(Excerpts from a dataset)
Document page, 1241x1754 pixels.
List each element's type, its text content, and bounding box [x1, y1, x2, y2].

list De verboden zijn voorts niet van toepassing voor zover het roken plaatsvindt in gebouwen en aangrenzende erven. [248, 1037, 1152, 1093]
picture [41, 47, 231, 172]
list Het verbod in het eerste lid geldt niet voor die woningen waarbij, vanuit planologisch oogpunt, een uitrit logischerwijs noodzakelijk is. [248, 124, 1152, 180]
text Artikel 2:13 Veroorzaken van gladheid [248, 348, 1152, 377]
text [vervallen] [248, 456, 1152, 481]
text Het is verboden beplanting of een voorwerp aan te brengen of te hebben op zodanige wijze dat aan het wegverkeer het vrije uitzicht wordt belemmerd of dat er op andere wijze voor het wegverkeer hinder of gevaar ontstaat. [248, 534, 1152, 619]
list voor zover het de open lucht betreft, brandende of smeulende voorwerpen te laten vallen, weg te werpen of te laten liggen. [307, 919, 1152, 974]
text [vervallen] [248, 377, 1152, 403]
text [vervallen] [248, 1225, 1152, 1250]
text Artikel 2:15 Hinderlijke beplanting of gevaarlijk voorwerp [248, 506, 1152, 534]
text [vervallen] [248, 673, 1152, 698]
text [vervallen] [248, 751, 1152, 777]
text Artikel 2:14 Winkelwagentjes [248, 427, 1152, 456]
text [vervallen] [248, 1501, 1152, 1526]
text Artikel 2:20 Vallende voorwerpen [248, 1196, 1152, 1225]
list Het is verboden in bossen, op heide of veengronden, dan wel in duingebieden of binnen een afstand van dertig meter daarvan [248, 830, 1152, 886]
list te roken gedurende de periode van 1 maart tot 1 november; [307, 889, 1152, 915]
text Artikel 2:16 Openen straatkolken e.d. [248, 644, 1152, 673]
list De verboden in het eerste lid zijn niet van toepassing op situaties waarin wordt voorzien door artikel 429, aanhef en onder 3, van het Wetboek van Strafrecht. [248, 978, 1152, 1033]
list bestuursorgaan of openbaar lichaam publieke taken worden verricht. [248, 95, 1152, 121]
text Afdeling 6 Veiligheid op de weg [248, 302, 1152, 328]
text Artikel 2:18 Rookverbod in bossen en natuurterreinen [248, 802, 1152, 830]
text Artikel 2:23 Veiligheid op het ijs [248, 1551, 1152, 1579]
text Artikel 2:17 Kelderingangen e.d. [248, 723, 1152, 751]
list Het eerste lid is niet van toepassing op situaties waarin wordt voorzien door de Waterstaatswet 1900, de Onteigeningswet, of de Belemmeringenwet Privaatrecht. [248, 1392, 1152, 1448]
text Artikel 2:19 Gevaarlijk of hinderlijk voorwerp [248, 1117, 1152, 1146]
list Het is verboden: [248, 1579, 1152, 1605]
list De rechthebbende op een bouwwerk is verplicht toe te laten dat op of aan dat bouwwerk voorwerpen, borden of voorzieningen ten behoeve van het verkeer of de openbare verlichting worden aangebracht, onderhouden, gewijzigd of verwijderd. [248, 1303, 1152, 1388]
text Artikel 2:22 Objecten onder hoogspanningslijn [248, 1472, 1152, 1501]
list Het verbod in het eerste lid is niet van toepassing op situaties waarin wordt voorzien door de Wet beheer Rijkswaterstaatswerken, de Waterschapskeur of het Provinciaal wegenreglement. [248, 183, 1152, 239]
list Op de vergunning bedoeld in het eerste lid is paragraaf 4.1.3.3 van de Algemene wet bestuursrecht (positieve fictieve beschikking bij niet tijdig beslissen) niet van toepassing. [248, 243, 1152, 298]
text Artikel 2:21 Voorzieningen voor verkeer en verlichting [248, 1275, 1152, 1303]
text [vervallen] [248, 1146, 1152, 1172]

==

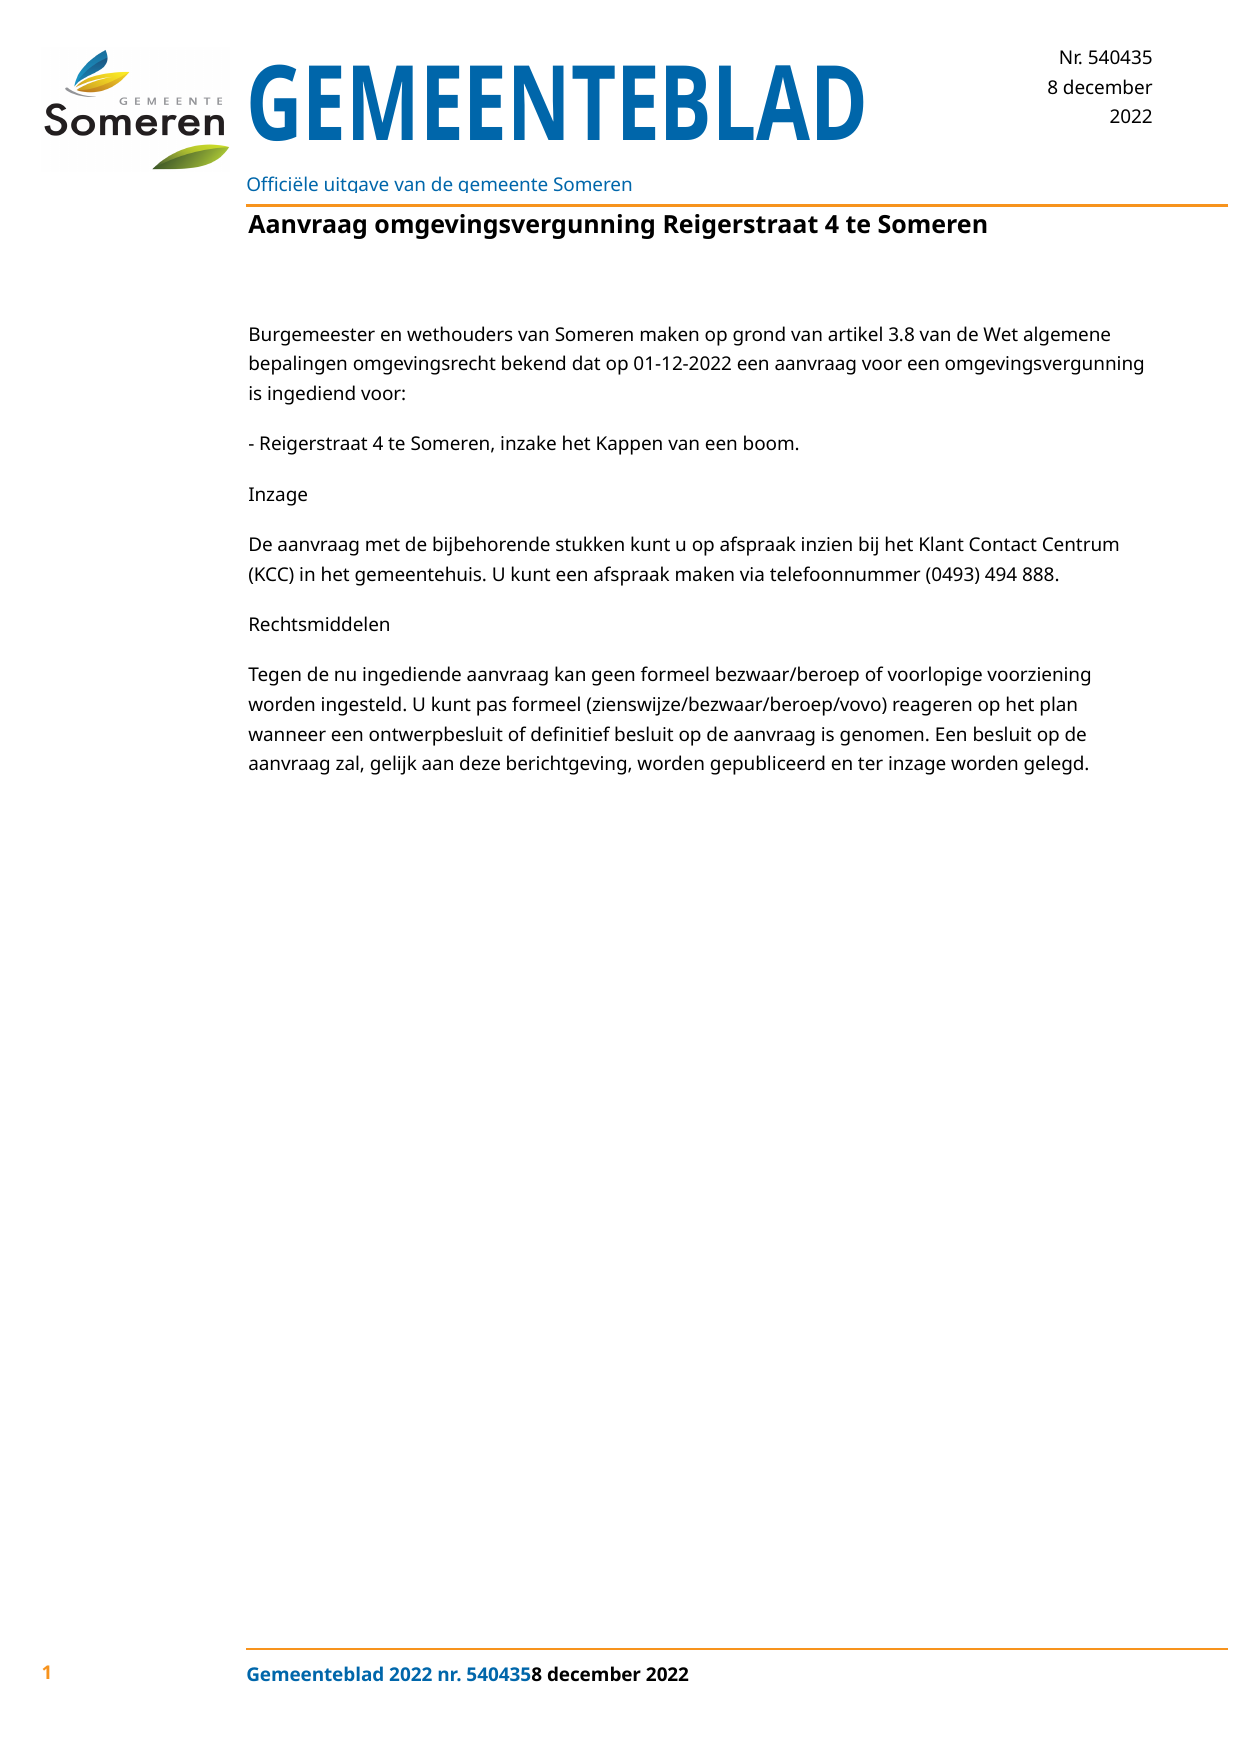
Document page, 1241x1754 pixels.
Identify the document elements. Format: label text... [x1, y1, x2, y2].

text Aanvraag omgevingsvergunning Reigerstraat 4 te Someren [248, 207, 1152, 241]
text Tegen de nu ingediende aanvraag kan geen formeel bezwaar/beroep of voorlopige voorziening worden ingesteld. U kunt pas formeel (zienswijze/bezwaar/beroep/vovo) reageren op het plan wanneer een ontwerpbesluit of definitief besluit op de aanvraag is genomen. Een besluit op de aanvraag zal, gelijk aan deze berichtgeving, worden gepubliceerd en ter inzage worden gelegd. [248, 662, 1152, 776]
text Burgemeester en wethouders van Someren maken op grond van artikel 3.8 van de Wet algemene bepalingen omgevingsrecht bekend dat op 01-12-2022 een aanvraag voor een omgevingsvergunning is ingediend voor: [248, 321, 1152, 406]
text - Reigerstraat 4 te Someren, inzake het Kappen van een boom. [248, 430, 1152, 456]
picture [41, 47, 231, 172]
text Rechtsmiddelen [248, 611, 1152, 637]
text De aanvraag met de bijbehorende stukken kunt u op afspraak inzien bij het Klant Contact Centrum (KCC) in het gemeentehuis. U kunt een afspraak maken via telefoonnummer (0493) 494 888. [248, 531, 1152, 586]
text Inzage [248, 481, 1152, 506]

- **EXERCISE INSTRUCTIONS**:
From the entries above, restate word for word the lines from the line containing "List each element's" to the line containing "text [vervallen] [248, 456, 1152, 481]", both ends included, and nothing more.

- **EXERCISE SOLUTION**:
List each element's type, its text content, and bounding box [x1, y1, x2, y2].

list De verboden zijn voorts niet van toepassing voor zover het roken plaatsvindt in gebouwen en aangrenzende erven. [248, 1037, 1152, 1093]
picture [41, 47, 231, 172]
list Het verbod in het eerste lid geldt niet voor die woningen waarbij, vanuit planologisch oogpunt, een uitrit logischerwijs noodzakelijk is. [248, 124, 1152, 180]
text Artikel 2:13 Veroorzaken van gladheid [248, 348, 1152, 377]
text [vervallen] [248, 456, 1152, 481]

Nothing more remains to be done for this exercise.